13.10.0 pjsip deadlock

This message appeared today in logs:
taskprocessor.c: The ‘pjsip/distributor-00000167’ task processor queue reached 500 scheduled tasks.

All peers started to disconnect and pjsip became unresponsive.

Any chance to debug it?

What sort of setup are you using, are you connected to realtime? As well we have a wiki page[1] which talks about what that actually means and when it happens you can grab a backtrace[2] which may provide further detail on what is taking so long.

[1] http://blogs.asterisk.org/2016/07/13/asterisk-task-processor-queue-size-warnings/
[2] https://wiki.asterisk.org/wiki/display/AST/Getting+a+Backtrace#GettingaBacktrace-GettingInformationForADeadlock

I did not personally set up “realtime”, maybe it is turned on by default.

I use freepbx distro, updated from asterisk 13.5.0.
I dont use any queues in my configuration. Just trunks and extensions.

Before problem appears again I’ll try to get this information.

We have been having this issue for about 3 weeks now. It has been tough to track down. No real errors, just this warning seems associated. Asterisk stops responding to all PJSIP registrations. It still however seems to register to our trunks.

We are on Asterisk 13.10 with the FreePBX distro. Very recent install. Happens randomly typically once a day.

We’d still need a backtrace to try to figure out what is going on.

I will try to get one on the next occurrence.

is the show locks important? I do not have that complied in.

Both would be ideal.

Hello, I just signed up for an account here because I’m having the same exact issue.

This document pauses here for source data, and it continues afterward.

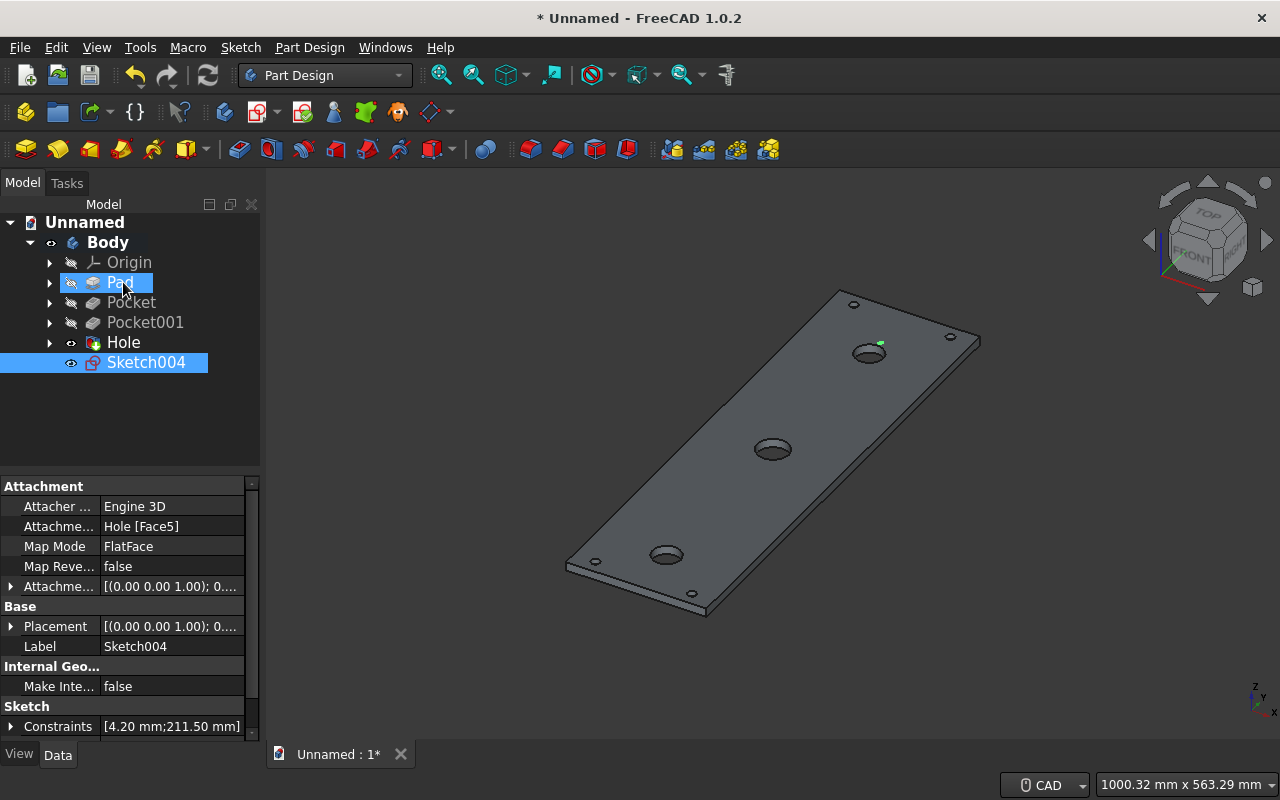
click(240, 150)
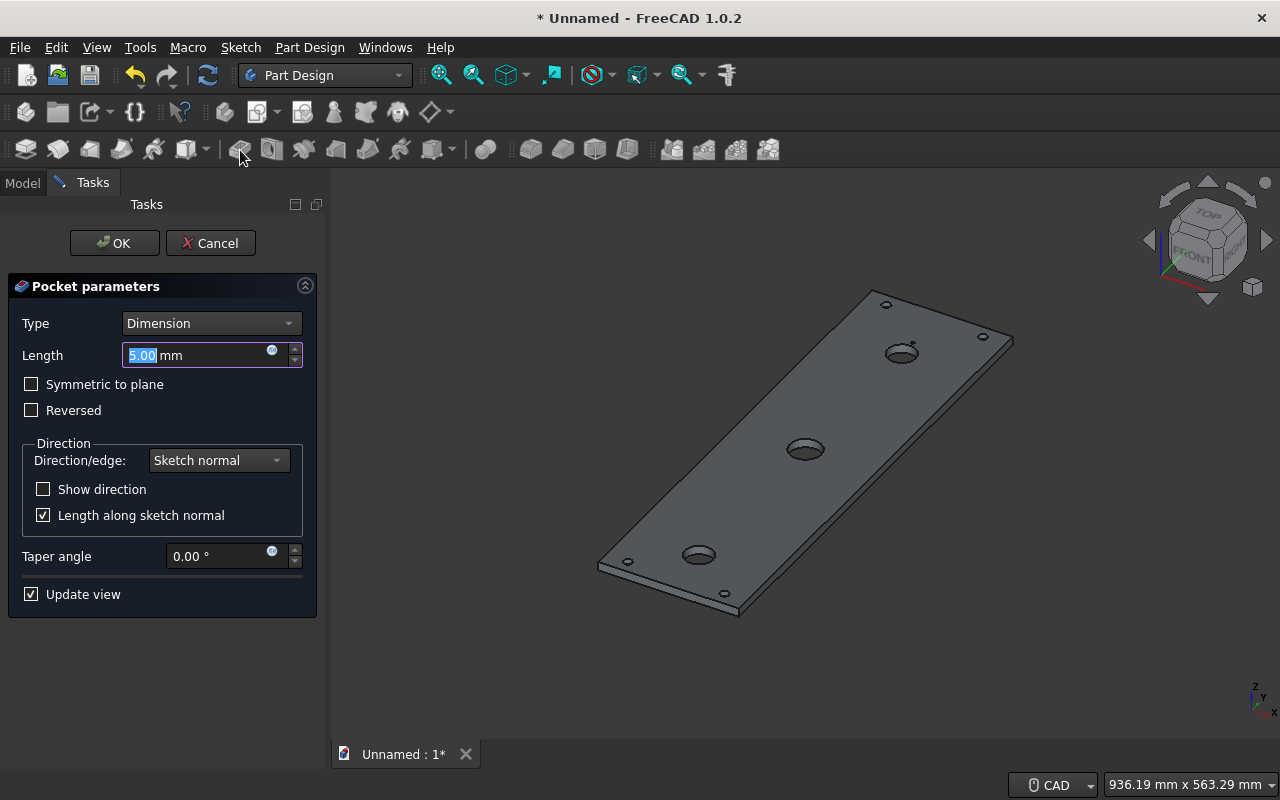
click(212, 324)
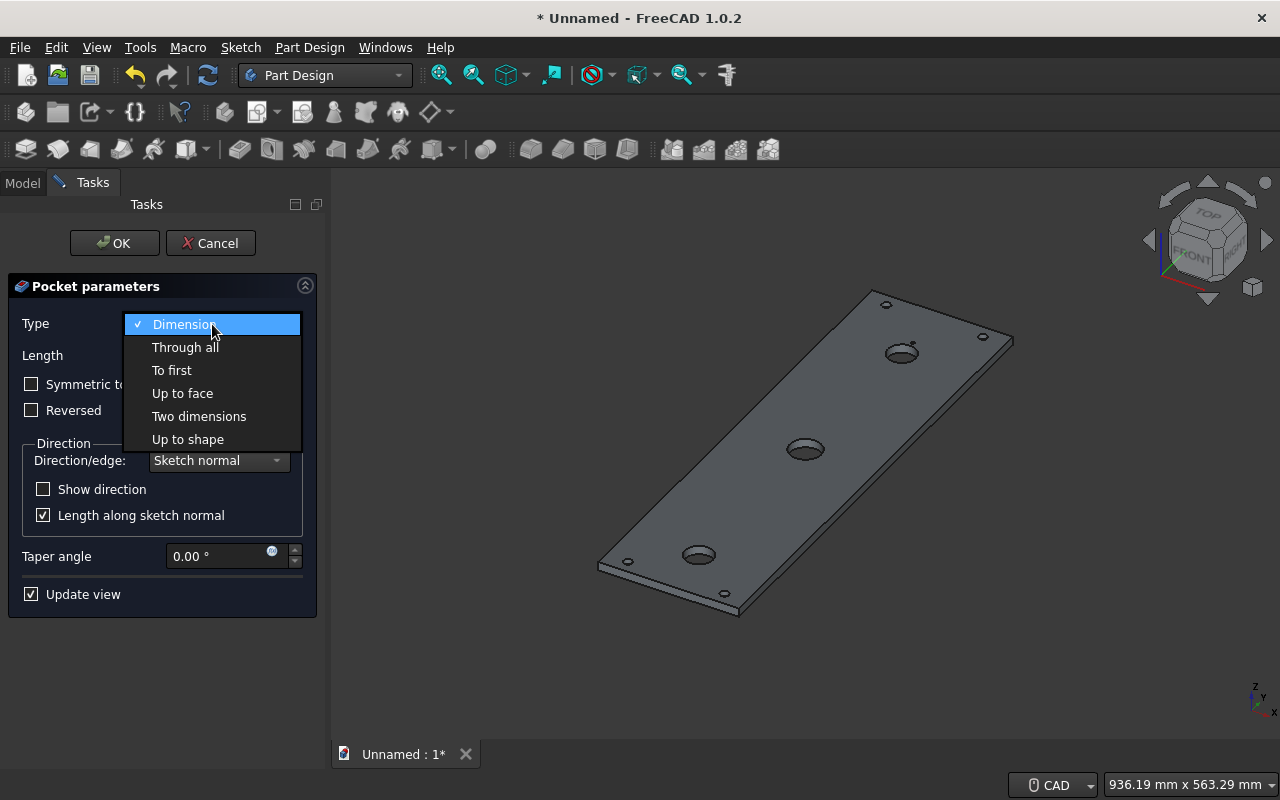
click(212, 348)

I am running FreePBX Distro, hosted in AWS, serving about 300 phones with 50 simultaneous calls at once, and we use PJSIP for everything. I have full FreePBX, Asterisk, and SAR logs recorded if you need them.

Here’s the log output; we get a pjsip/distributor message then all phones go offline until the server is rebooted. Our trunks are treated as PJSIP endpoints, so they are disconnected too. Note the FreePBX dashboard showing all the Asterisk endpoints dropping on the graph.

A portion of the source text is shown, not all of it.